Cool-season forages have long been the highest quality feed that can be grown for winter livestock supplementation in the Southeast.
Land preparation, seed and fertilizer costs have risen to the point that ranchers should be very selective to ensure the type of cool-season forages fit their management system, and that the varieties of seed purchased have been tested in the region for performance and disease resistance.
There are a number of choices as to the type of annual cool season forages to grow. There is no single best choice, but blends can provide longer seasons of grazing and protection against variable climate and weather conditions.
Cool season forages are most productive when planted on tilled-land set aside for annual forage crops, or following warm season row crops immediately after harvest.
While the majority of cool season forages are grown for grazing, they can also be used to make excellent quality hay and silage, which may be an alternative for crop land without fencing, or not convenient for animal grazing.
Small grains, such as oats, rye, triticale and wheat, offer rapid, vigorous growth and early grazing after planting.
Most small grain varieties have been developed for grain production; however, there are forage types. Because they are a large seeded crop, small grains should be planted 1-2 inches deep and are most productive when planted on a prepared seedbed with a drill. Small grains grown for hay or silage have greater risk of disease and should be scouted and treated as needed using labeled pesticides.
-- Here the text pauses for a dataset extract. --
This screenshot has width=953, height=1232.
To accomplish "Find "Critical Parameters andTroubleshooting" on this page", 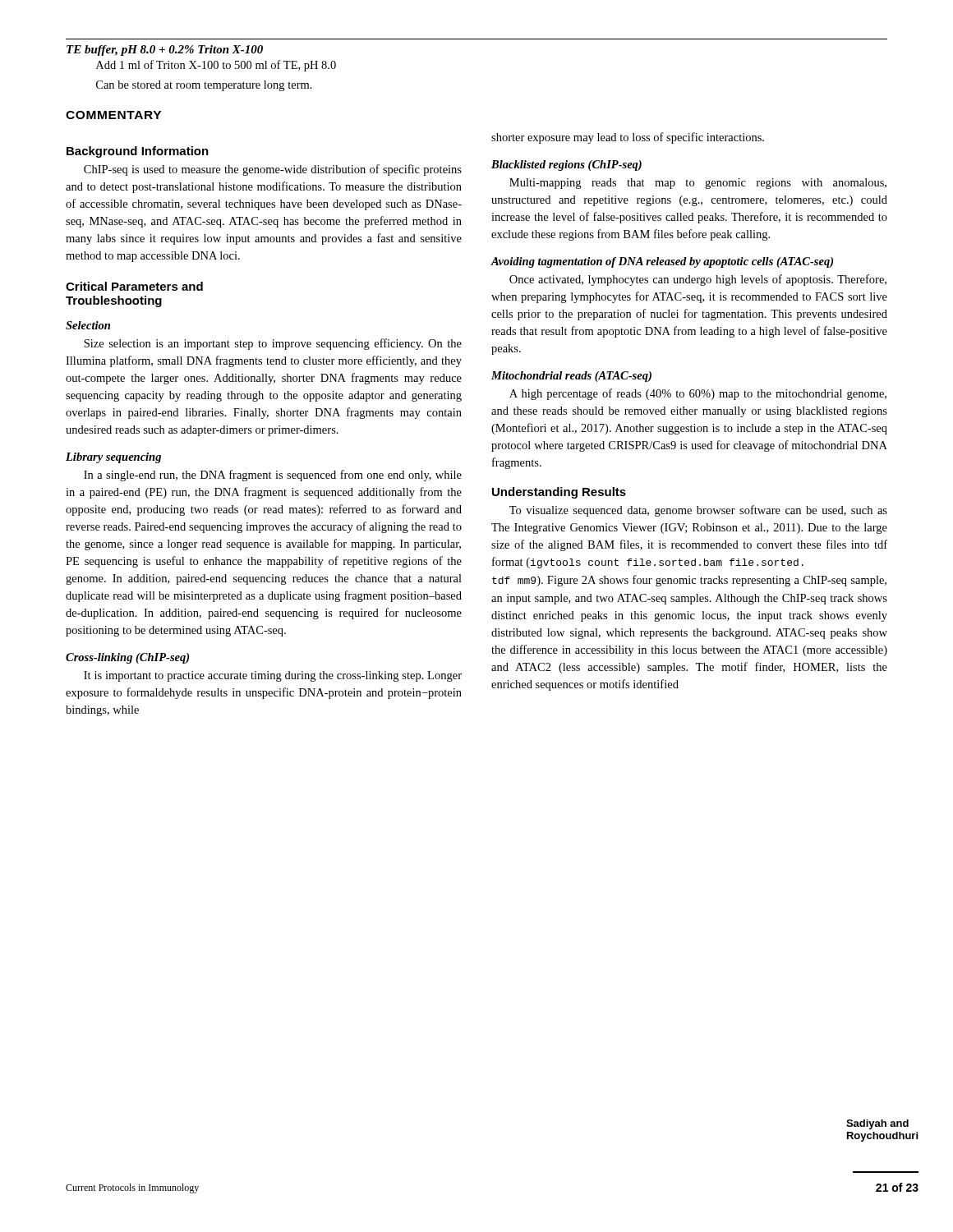I will pyautogui.click(x=134, y=286).
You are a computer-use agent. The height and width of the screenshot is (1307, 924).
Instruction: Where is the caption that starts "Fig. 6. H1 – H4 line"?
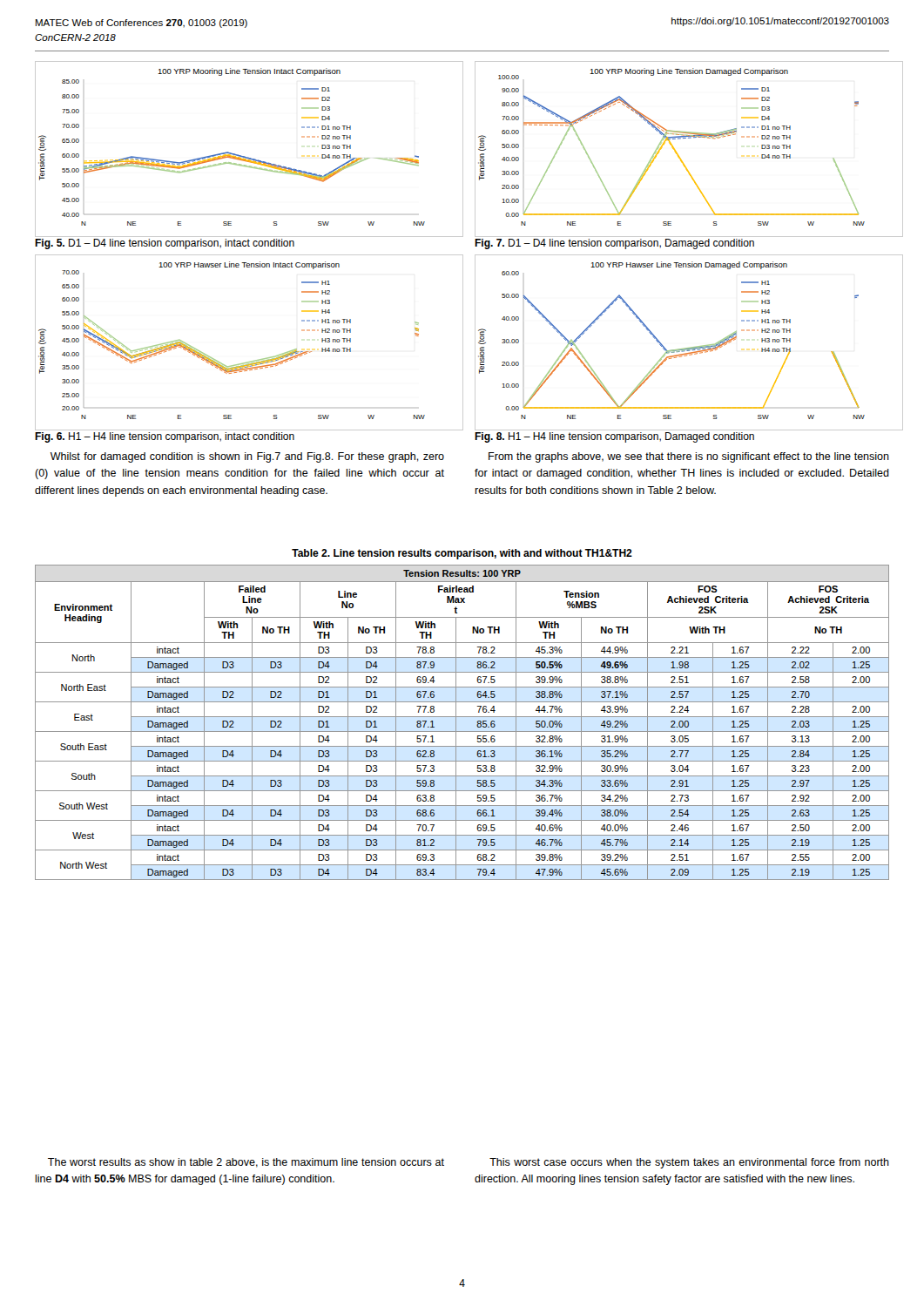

Ryegrass and the brassicas are small-seeded cool-season annual forages with wide adaptability to Florida soils. Ryegrass provides high-quality forage and is excellent for grazing, hay or silage.
The brassicas: turnips, kale, and rape are actually winter vegetables that provide rapid growth for quick, but limited grazing.
Ryegrass and turnips can be planted with a drill, cultipacker seeder or broadcast and lightly covered and can even be planted with a no-till drill or aerator in dormant sod.
Cool season legumes are small-seeded plants that do not require nitrogen fertilizer and will provide some residual nitrogen for warm-season crops that follow.
Legumes generally require higher soil pH than perennial grasses. Legumes do require specific inoculants or bacteria that produce nitrogen on their roots.
Most commercial legume seed comes coated or pre-inoculated but some need the inoculant mixed with seed just prior to planting.
Legumes can be over-seeded into dormant perennial grass pastures, or planted in blends with small grains or ryegrass to improve forage quality and extend the grazing season.
If allowed to mature and produce seed, there are several legume varieties that will reseed. Legumes are sensitive to many of the broadleaf herbicides used in pastures, so you may be forced to decide which is more valuable, a weed free pasture or the legumes.